Dari perspektif manajemen lokal, Bapak Nguyen Hoang Tung - Kepala Dinas Kebudayaan dan Urusan Sosial Kelurahan Hong Ha, mengatakan bahwa di masa lalu, pemerintah daerah telah memberikan perhatian besar dan secara teratur berkoordinasi dengan sekolah-sekolah dalam pekerjaan pendidikan , terutama kegiatan untuk memperhatikan psikologi dan keterampilan siswa.
Departemen tersebut juga memperkuat upaya pemantauan situasi, mendukung komunikasi, dan berkoordinasi untuk memastikan lingkungan belajar yang aman dan stabil sehingga sekolah dapat fokus secara optimal pada periode persiapan ujian akhir. Dukungan praktis ini membantu sekolah merasa lebih aman dalam menyelenggarakan kegiatan untuk mendukung siswa menjelang ujian penting tersebut.
Ibu Trinh Ngoc Tram, Wakil Ketua Komite Rakyat Kelurahan Cua Nam (Hanoi), menekankan bahwa dalam beberapa tahun terakhir, tekanan untuk masuk kelas 10 di sekolah menengah atas di Hanoi telah meningkat secara signifikan. Oleh karena itu, Komite Partai, Dewan Rakyat, dan Komite Rakyat kelurahan selalu mengidentifikasi pendidikan sebagai tugas utama yang perlu mendapat perhatian serius.
Di Kelurahan Cua Nam, terdapat dua sekolah menengah pertama dengan tradisi pengajaran dan pembelajaran yang unggul, serta prestasi yang luar biasa: Sekolah Menengah Pertama Ngo Si Lien dan Sekolah Menengah Pertama Trung Vuong. Komite Rakyat kelurahan, bersama dengan Dinas Kebudayaan dan Urusan Sosial, telah menerapkan banyak solusi komprehensif untuk mempertahankan dan meningkatkan kualitas pendidikan secara umum, serta hasil ujian masuk kelas 10 sekolah menengah atas secara khusus.

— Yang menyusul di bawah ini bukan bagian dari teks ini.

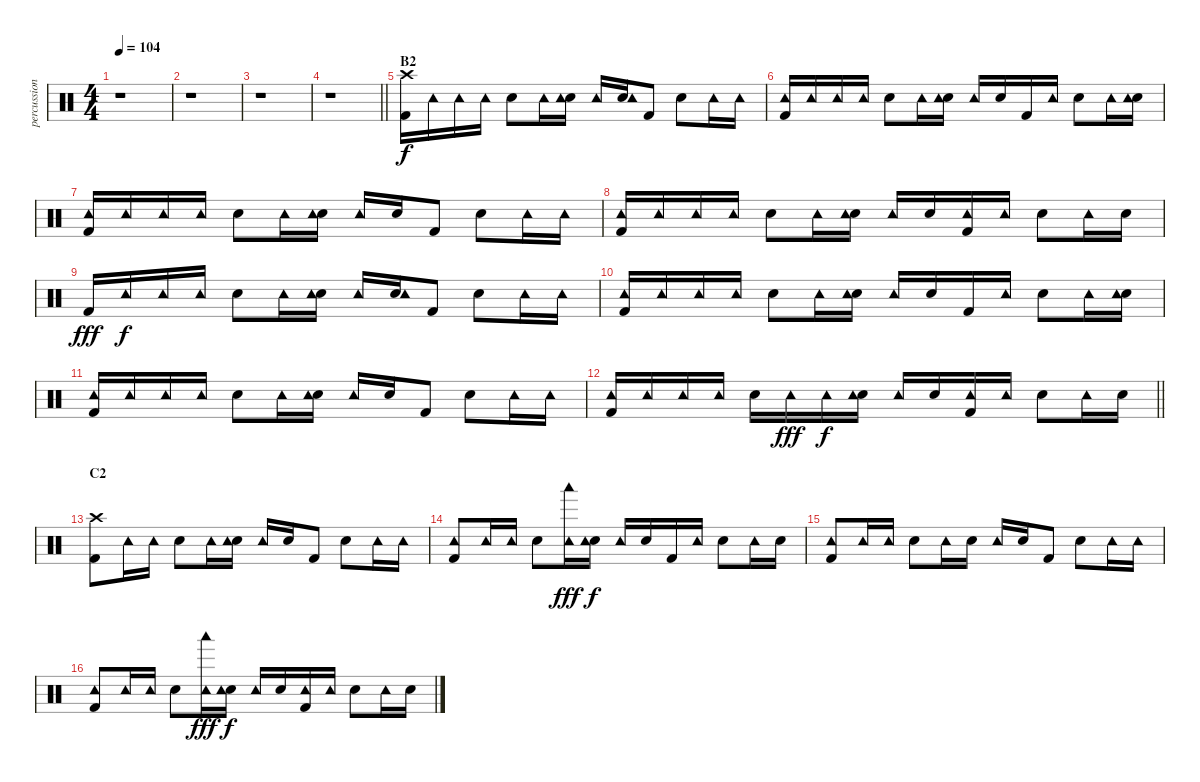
\track ("percussion" "percussion") {instrument percussion}
\staff {score}
\articulation defaults
\ts (4 4)
\tempo 104
\clef neutral
\ks c
r.1{dy f} |
r.1 |
r.1 |
\barLineRight lightlight
r.1 |
\section ("" "B2")
("Crash high (hit)" "Kick (hit) 2").16 "Tambourine (hit)".16 "Tambourine (hit)".16 "Tambourine (hit)".16 "Snare (hit) 2".8 "Tambourine (hit)".16 ("Snare (hit) 2" "Tambourine (hit)").16 "Tambourine (hit)".16 ("Snare (hit) 2" "Tambourine (hit)").16 "Kick (hit) 2".8 "Snare (hit) 2".8 "Tambourine (hit)".16 "Tambourine (hit)".16 |
("Tambourine (hit)" "Kick (hit) 2").16 "Tambourine (hit)".16 "Tambourine (hit)".16 "Tambourine (hit)".16 "Snare (hit) 2".8 "Tambourine (hit)".16 ("Snare (hit) 2" "Tambourine (hit)").16 "Tambourine (hit)".16 "Snare (hit) 2".16 "Kick (hit) 2".16 "Tambourine (hit)".16 "Snare (hit) 2".8 "Tambourine (hit)".16 ("Snare (hit) 2" "Tambourine (hit)").16 |
("Tambourine (hit)" "Kick (hit) 2").16 "Tambourine (hit)".16 "Tambourine (hit)".16 "Tambourine (hit)".16 "Snare (hit) 2".8 "Tambourine (hit)".16 ("Snare (hit) 2" "Tambourine (hit)").16 "Tambourine (hit)".16 "Snare (hit) 2".16 "Kick (hit) 2".8 "Snare (hit) 2".8 "Tambourine (hit)".16 "Tambourine (hit)".16 |
("Tambourine (hit)" "Kick (hit) 2").16 "Tambourine (hit)".16 "Tambourine (hit)".16 "Tambourine (hit)".16 "Snare (hit) 2".8 "Tambourine (hit)".16 ("Snare (hit) 2" "Tambourine (hit)").16 "Tambourine (hit)".16 "Snare (hit) 2".16 ("Tambourine (hit)" "Kick (hit) 2").16 "Tambourine (hit)".16 "Snare (hit) 2".8 "Tambourine (hit)".16 "Snare (hit) 2".16 |
"Kick (hit) 2".16{dy fff} "Tambourine (hit)".16{dy f} "Tambourine (hit)".16 "Tambourine (hit)".16 "Snare (hit) 2".8 "Tambourine (hit)".16 ("Snare (hit) 2" "Tambourine (hit)").16 "Tambourine (hit)".16 ("Snare (hit) 2" "Tambourine (hit)").16 "Kick (hit) 2".8 "Snare (hit) 2".8 "Tambourine (hit)".16 "Tambourine (hit)".16 |
("Tambourine (hit)" "Kick (hit) 2").16 "Tambourine (hit)".16 "Tambourine (hit)".16 "Tambourine (hit)".16 "Snare (hit) 2".8 "Tambourine (hit)".16 ("Snare (hit) 2" "Tambourine (hit)").16 "Tambourine (hit)".16 "Snare (hit) 2".16 "Kick (hit) 2".16 "Tambourine (hit)".16 "Snare (hit) 2".8 "Tambourine (hit)".16 ("Snare (hit) 2" "Tambourine (hit)").16 |
("Tambourine (hit)" "Kick (hit) 2").16 "Tambourine (hit)".16 "Tambourine (hit)".16 "Tambourine (hit)".16 "Snare (hit) 2".8 "Tambourine (hit)".16 ("Snare (hit) 2" "Tambourine (hit)").16 "Tambourine (hit)".16 "Snare (hit) 2".16 "Kick (hit) 2".8 "Snare (hit) 2".8 "Tambourine (hit)".16 "Tambourine (hit)".16 |
\barLineRight lightlight
("Tambourine (hit)" "Kick (hit) 2").16 "Tambourine (hit)".16 "Tambourine (hit)".16 "Tambourine (hit)".16 "Snare (hit) 2".16 "Tambourine (hit)".16{dy fff} "Tambourine (hit)".16{dy f} ("Snare (hit) 2" "Tambourine (hit)").16 "Tambourine (hit)".16 "Snare (hit) 2".16 ("Tambourine (hit)" "Kick (hit) 2").16 "Tambourine (hit)".16 "Snare (hit) 2".8 "Tambourine (hit)".16 "Snare (hit) 2".16 |
\section ("" "C2")
("Crash high (hit)" "Kick (hit) 2").8 "Tambourine (hit)".16 "Tambourine (hit)".16 "Snare (hit) 2".8 "Tambourine (hit)".16 ("Snare (hit) 2" "Tambourine (hit)").16 "Tambourine (hit)".16 "Snare (hit) 2".16 "Kick (hit) 2".8 "Snare (hit) 2".8 "Tambourine (hit)".16 "Tambourine (hit)".16 |
("Tambourine (hit)" "Kick (hit) 2").8 "Tambourine (hit)".16 "Tambourine (hit)".16 "Snare (hit) 2".8 ("Woodblock low (hit)" "Tambourine (hit)").16{dy fff} ("Snare (hit) 2" "Tambourine (hit)").16{dy f} "Tambourine (hit)".16 "Snare (hit) 2".16 "Kick (hit) 2".16 "Tambourine (hit)".16 "Snare (hit) 2".8 "Tambourine (hit)".16 "Snare (hit) 2".16 |
("Tambourine (hit)" "Kick (hit) 2").8 "Tambourine (hit)".16 "Tambourine (hit)".16 "Snare (hit) 2".8 "Tambourine (hit)".16 "Snare (hit) 2".16 "Tambourine (hit)".16 "Snare (hit) 2".16 "Kick (hit) 2".8 "Snare (hit) 2".8 "Tambourine (hit)".16 "Tambourine (hit)".16 |
("Tambourine (hit)" "Kick (hit) 2").8 "Tambourine (hit)".16 "Tambourine (hit)".16 "Snare (hit) 2".8 ("Woodblock low (hit)" "Tambourine (hit)").16{dy fff} ("Snare (hit) 2" "Tambourine (hit)").16{dy f} "Tambourine (hit)".16 "Snare (hit) 2".16 ("Tambourine (hit)" "Kick (hit) 2").16 "Tambourine (hit)".16 "Snare (hit) 2".8 "Tambourine (hit)".16 "Snare (hit) 2".16

Pertama, pihak kelurahan secara teratur berkoordinasi erat dengan sekolah-sekolah untuk memantau prestasi akademik dan kesejahteraan psikologis siswa kelas 9. Setiap sekolah memiliki Ruang Konseling Sekolah dengan partisipasi dan kerja sama dari para ahli senior dari Institut Psikologi Pendidikan, yang secara teratur menerima siswa untuk berbagi masalah dalam studi dan kehidupan mereka.
“Kami memberikan perhatian khusus pada penyediaan konseling dan bimbingan psikologis bagi siswa dan orang tua, membantu mereka mengurangi tekanan dan memasuki ujian penting dengan percaya diri. Selain itu, kelurahan ini memfasilitasi sekolah dalam menyelenggarakan sesi ulasan, kegiatan tematik, dan konseling tentang keterampilan belajar dan keterampilan manajemen waktu bagi siswa yang akan lulus,” jelas Ibu Trinh Ngoc Tram.